(Your objective):
Whenever the word "Thus" appears in a line of the data below, copy that line.
--*--
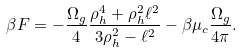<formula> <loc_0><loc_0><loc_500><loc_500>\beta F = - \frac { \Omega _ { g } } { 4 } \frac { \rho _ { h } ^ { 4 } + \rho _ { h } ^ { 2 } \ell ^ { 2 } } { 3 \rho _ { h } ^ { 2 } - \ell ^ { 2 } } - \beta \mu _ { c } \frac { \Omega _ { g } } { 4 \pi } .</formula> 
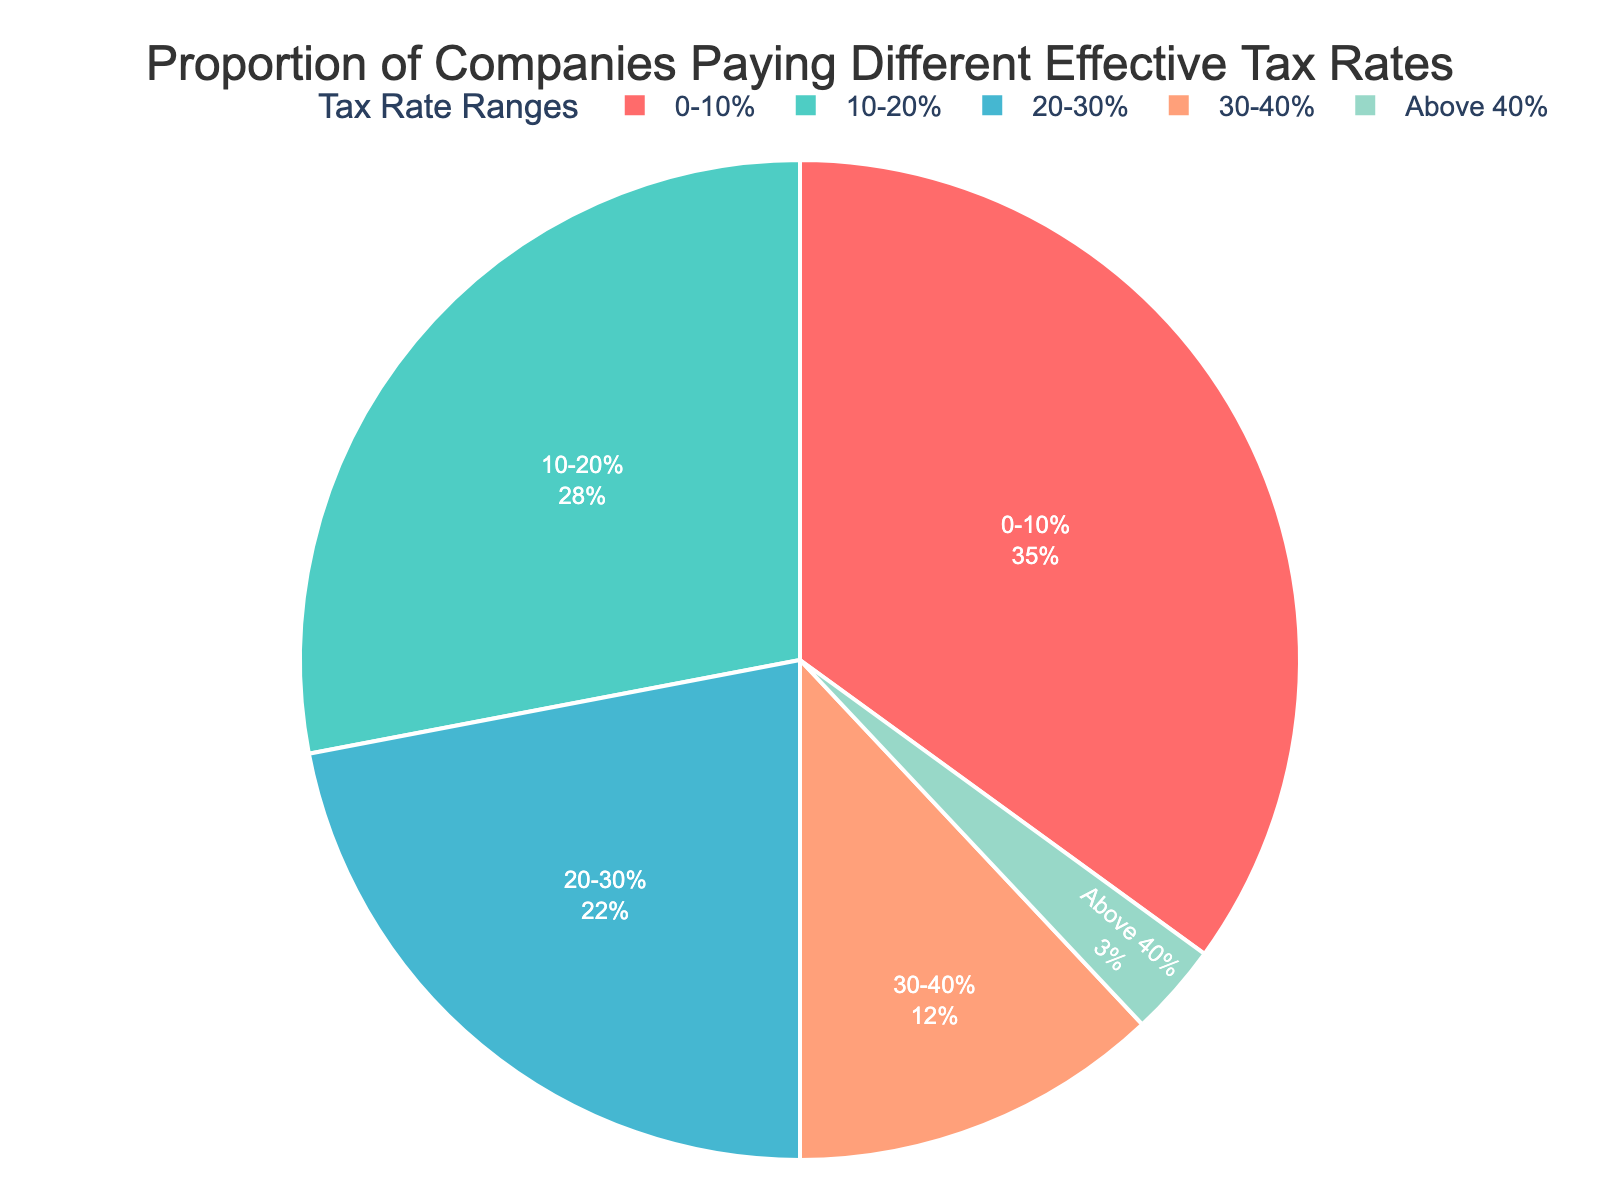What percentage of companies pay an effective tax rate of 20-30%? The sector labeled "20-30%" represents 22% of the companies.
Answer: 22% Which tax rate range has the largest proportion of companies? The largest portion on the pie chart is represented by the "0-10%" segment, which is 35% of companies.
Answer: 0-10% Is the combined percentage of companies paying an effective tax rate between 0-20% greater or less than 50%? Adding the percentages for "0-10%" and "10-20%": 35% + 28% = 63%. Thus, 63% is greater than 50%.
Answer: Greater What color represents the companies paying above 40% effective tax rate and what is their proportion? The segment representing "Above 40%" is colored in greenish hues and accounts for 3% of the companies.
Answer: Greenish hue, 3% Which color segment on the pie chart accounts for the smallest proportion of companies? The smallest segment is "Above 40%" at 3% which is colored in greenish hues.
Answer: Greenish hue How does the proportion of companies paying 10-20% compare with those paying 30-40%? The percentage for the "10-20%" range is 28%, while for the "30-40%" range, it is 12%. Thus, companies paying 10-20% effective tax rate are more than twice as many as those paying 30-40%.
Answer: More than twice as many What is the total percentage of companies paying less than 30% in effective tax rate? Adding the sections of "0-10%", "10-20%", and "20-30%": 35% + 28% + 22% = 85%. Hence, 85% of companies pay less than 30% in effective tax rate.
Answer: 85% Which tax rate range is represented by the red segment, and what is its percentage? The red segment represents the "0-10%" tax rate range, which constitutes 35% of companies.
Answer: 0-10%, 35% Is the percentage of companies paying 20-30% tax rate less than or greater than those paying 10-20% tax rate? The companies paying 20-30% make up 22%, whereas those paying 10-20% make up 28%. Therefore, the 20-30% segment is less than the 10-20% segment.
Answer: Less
--*--
(Written response):
Answer: 0-10% Is the combined percentage of companies paying an effective tax rate between 0-20% greater or less than 50%? Adding the percentages for "0-10%" and "10-20%": 35% + 28% = 63%. Thus, 63% is greater than 50%.
Answer: Greenish hue How does the proportion of companies paying 10-20% compare with those paying 30-40%? The percentage for the "10-20%" range is 28%, while for the "30-40%" range, it is 12%. Thus, companies paying 10-20% effective tax rate are more than twice as many as those paying 30-40%.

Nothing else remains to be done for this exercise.